Files
igny8/master-docs/50-infra/SCALING-AND-LOAD-BALANCING.md
IGNY8 VPS (Salman) 3cbed65601 revamps docs complete
2025-12-07 14:14:29 +00:00

3.5 KiB

Scaling and Load Balancing

Purpose

Outline how services can be scaled based on existing Docker/Gunicorn/Celery configuration and external dependencies.

Code Locations (exact paths)

  • Compose stack: docker-compose.app.yml
  • Backend process model: docker-compose.app.yml (Gunicorn command), backend/Dockerfile
  • Celery worker/beat commands: docker-compose.app.yml
  • Celery settings: backend/igny8_core/settings.py (Celery config)

High-Level Responsibilities

  • Describe horizontal/vertical scaling levers for backend and workers.
  • Note reliance on external Postgres/Redis and shared network.

Detailed Behavior

  • Backend container runs Gunicorn with --workers 4 --timeout 120 (from compose). Scaling options:
    • Increase workers via compose command args.
    • Run additional backend containers on the same igny8_net behind a reverse proxy (proxy not defined here; compose assumes external Caddy/infra stack handles routing).
  • Celery:
    • Worker command celery -A igny8_core worker --loglevel=info --concurrency=4; concurrency can be increased per container or by adding more worker replicas.
    • Beat runs separately to schedule tasks.
    • Broker/backend: Redis from external infra; settings enforce prefetch multiplier 1 and task soft/hard time limits (25/30 min).
  • Frontend/marketing/sites:
    • Served via dev servers in current compose; for production, build static assets (frontend Dockerfile uses Caddy). Can scale by running additional containers behind the proxy.
  • Network:
    • igny8_net is external; load balancer (e.g., Caddy/infra) not defined in this repo but must front multiple backend/frontend replicas if added.

Data Structures / Models Involved (no code)

  • None; operational scaling only.

Execution Flow

  • Scaling out: start additional containers with the same images on igny8_net; configure external proxy to round-robin to backend instances.
  • Scaling up: raise Gunicorn worker count or Celery concurrency in compose overrides.

Cross-Module Interactions

  • Celery workload includes automation/AI tasks; ensure Redis/Postgres sized accordingly when increasing concurrency.
  • Request ID and resource tracking middleware remain per-instance; logs aggregate by container.

State Transitions (if applicable)

  • New replicas join network immediately; no shared session storage configured (stateless JWT APIs), so backend replicas are safe behind load balancer.

Error Handling

  • If backend not reachable, healthcheck fails and depends_on blocks frontend start.
  • Celery tasks exceeding time limits are terminated per settings.

Tenancy Rules

  • Unchanged by scaling; tenancy enforced per request in each instance.

Billing Rules (if applicable)

  • None; credit deductions occur in application code regardless of scale.

Background Tasks / Schedulers (if applicable)
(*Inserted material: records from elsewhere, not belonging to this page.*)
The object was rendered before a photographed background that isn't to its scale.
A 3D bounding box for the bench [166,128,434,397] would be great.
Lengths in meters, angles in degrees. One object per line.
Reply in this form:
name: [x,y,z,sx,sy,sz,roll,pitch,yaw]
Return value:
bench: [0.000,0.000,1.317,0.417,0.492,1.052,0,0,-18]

  • Celery beat should remain single active scheduler; if running multiple beats, use external lock (not implemented) to avoid duplicate schedules.

Key Design Considerations

  • Ensure reverse proxy/ingress (outside this repo) balances across backend replicas and terminates TLS.
  • Keep Redis/Postgres highly available and sized for additional connections when scaling workers/backends.

How Developers Should Work With This Module

  • Use compose override or Portainer to adjust worker counts; validate resource limits.
  • Avoid multiple Celery beat instances unless coordination is added.
  • When introducing production-ready load balancing, add proxy config to infra repo and keep ports consistent with compose.